Rationale Parallels Result by Different Division of Second District in Superior Property of Carson v. Regency Outdoor Advertising.

     In our April 17, 2009 post, we examined Superior Property of Carson LLC v. Regency Outdoor Advertising, Inc., a Second District, Division 3 unpublished decision that affirmed a substantial fee award under Civil Code section 1717, but only after the trial court reduced fees to the prevailing defendants based on their tardiness in relying on the proper lease (after taking a position that a different lease applied throughout earlier junctures of the litigation). Now, we have a Division 2 opinion affirming a similar fee award that was reduced because the winning litigant belatedly raised a preclusive issue late in overall proceedings.

     Pearl v. Deitch, Case No. B203762 (2d Dist., Div. 2 Apr. 20, 2009) (unpublished) involved a protracted battle, through several lawsuits, between plaintiff tenant and defendant landlord over a purchase option on a Santa Monica condominium unit. The parties eventually reached a settlement agreement with a fees clause under which plaintiff was paid some money, agreed to vacate by a certain date, and agreed to be responsible for damages to the unit after a specified date. Charges of waste and then malicious prosecution (in the wake of dismissal of the waste action) went back and forth in the court system. Defendant and her attorneys even won $13,435 on an anti-SLAPP motion by which the malicious prosecution claim was dismissed. Plaintiff then sued for breach of contract or (alternatively) rescission of the settlement agreement, but that was finally disposed of by a judgment on the pleadings—with the trial court determining that the claims should have been raised in one of the prior actions after unsuccessfully raising the preclusion issue before the appellate court in the prior appeal of the anti-SLAPP motion grant.

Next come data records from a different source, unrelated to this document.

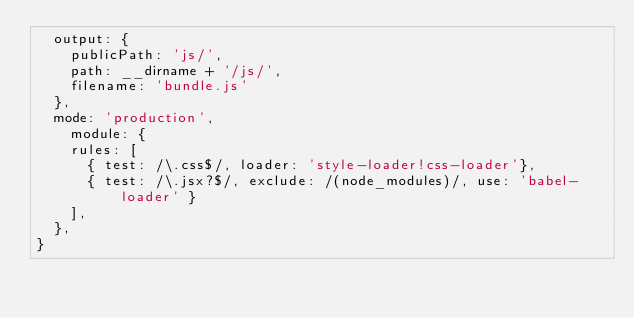<code> <loc_0><loc_0><loc_500><loc_500><_JavaScript_>  output: {
    publicPath: 'js/',
    path: __dirname + '/js/',
    filename: 'bundle.js'
  },
  mode: 'production',
    module: {
    rules: [
      { test: /\.css$/, loader: 'style-loader!css-loader'},
      { test: /\.jsx?$/, exclude: /(node_modules)/, use: 'babel-loader' }
    ],    
  },  
}</code> 
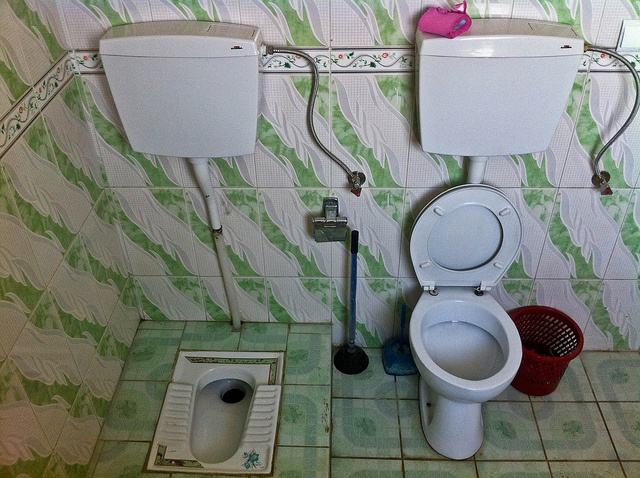Describe the objects in this image and their specific colors. I can see toilet in gray, darkgray, and lightgray tones and toilet in gray and black tones in this image.

     Defendant then moved for an award of $124,903 in Civil Code section 1717 fees based on the fees clause in the settlement agreement. The trial court found the request excessive, primarily for two reasons: (1) defendant’s dilatoriness in raising the compulsory cross-claim waiver issue found ultimately dispositive, and (2) defendant’s request of an award based upon a $395 per hour lodestar rate when plaintiff’s $265 per hour opposition rate was found to better reflect the difficulty factor of the litigation.

     Plaintiff appealed, claiming only $5,000 in fees should be awarded.

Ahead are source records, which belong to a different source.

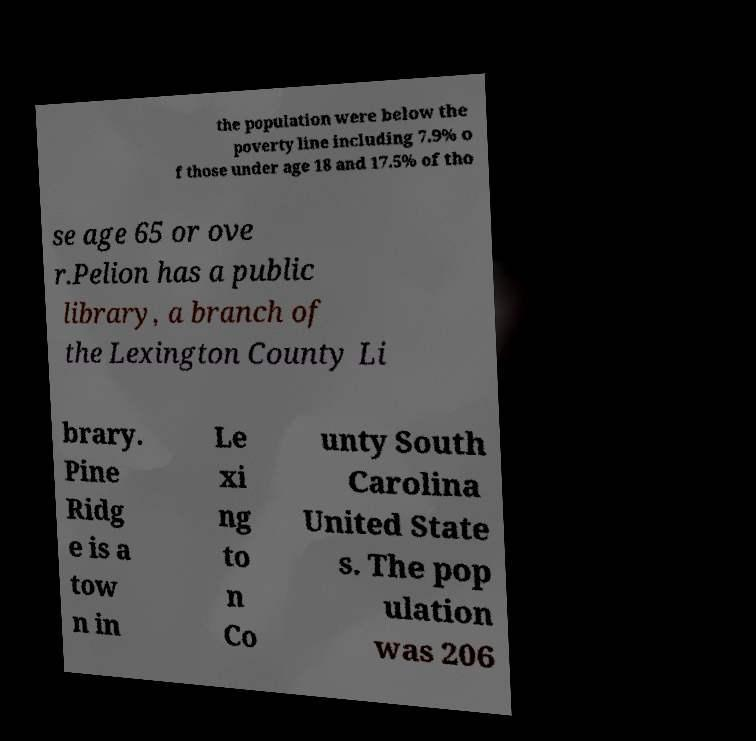What messages or text are displayed in this image? I need them in a readable, typed format. the population were below the poverty line including 7.9% o f those under age 18 and 17.5% of tho se age 65 or ove r.Pelion has a public library, a branch of the Lexington County Li brary. Pine Ridg e is a tow n in Le xi ng to n Co unty South Carolina United State s. The pop ulation was 206 
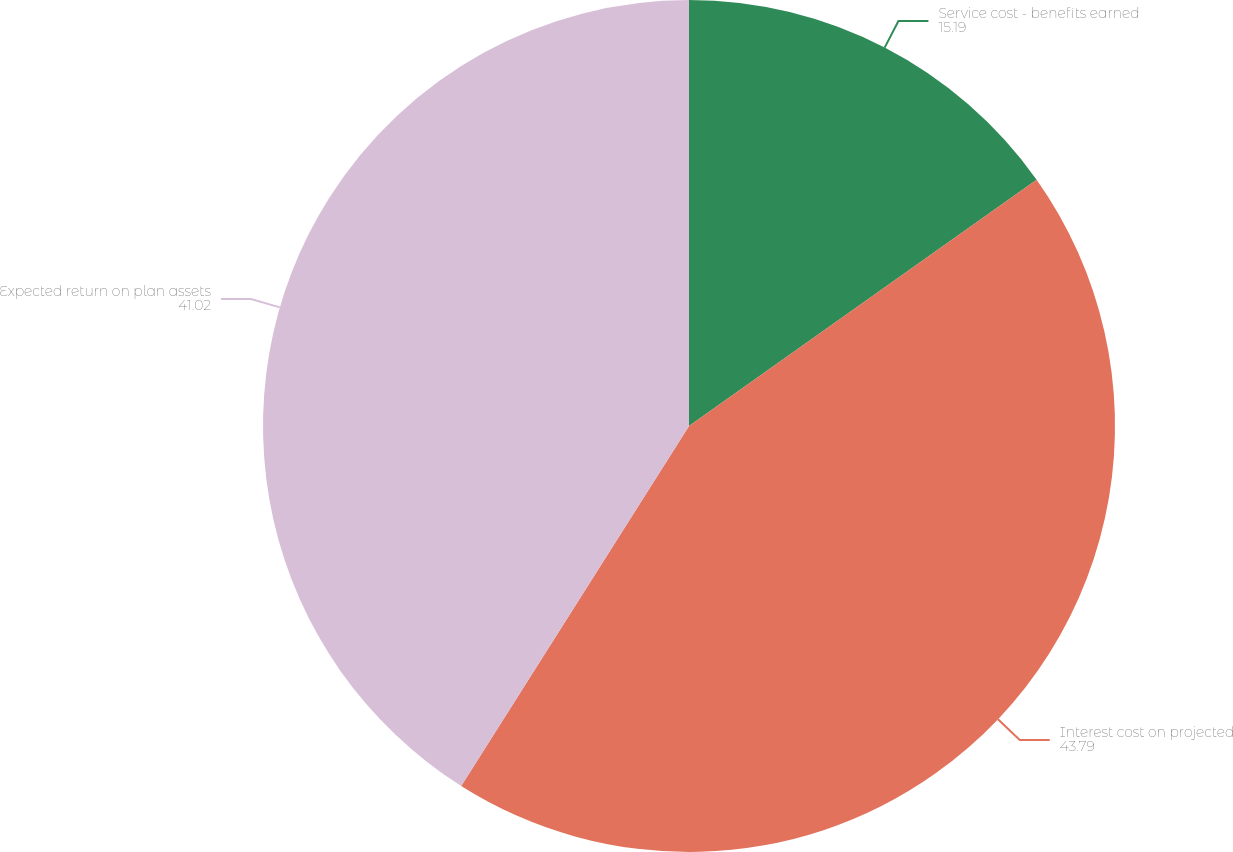Convert chart to OTSL. <chart><loc_0><loc_0><loc_500><loc_500><pie_chart><fcel>Service cost - benefits earned<fcel>Interest cost on projected<fcel>Expected return on plan assets<nl><fcel>15.19%<fcel>43.79%<fcel>41.02%<nl></chart> 
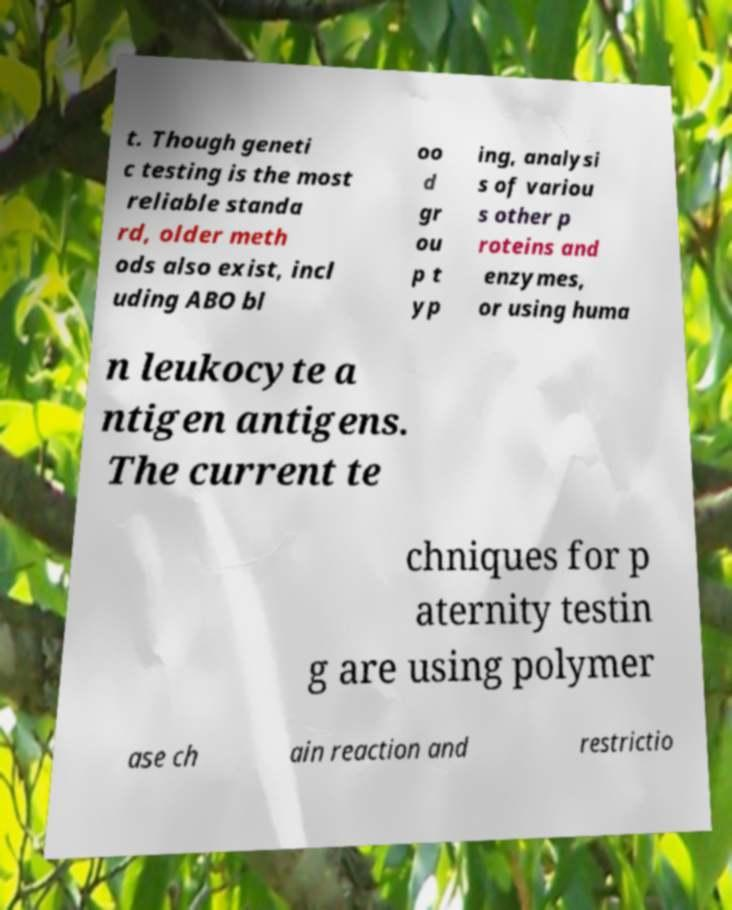Could you assist in decoding the text presented in this image and type it out clearly? t. Though geneti c testing is the most reliable standa rd, older meth ods also exist, incl uding ABO bl oo d gr ou p t yp ing, analysi s of variou s other p roteins and enzymes, or using huma n leukocyte a ntigen antigens. The current te chniques for p aternity testin g are using polymer ase ch ain reaction and restrictio

     And … drum roll, please, the appellate decision: fee award affirmed on appeal.

     The fees clause in the settlement agreement was a proper predicate for the fee award, and the trial court was allowed leeway to follow its own estimates of reasonable hours billed and was not bound by defendant’s submission of detailed billing substantiation.

     However, the appellate panel seemed to agree with the lower court that the one-half reduction was in order because of the defense’s tardiness in raising the compulsory cross-claim waiver issue. Given the one-half reduction by the lower court for various reasons, the Court of Appeal rejected plaintiff’s suggestion that only $5,000 in fees were in order. BLOG OBSERVATION–Pearl is consistent with Division 3’s rationale in Superior Property of Carson LLC v. Regency Outdoor Advertising, Inc., where prevailing defendant’s fees were reduced for failing to alert the trial court to the governing instrument until very late in the game.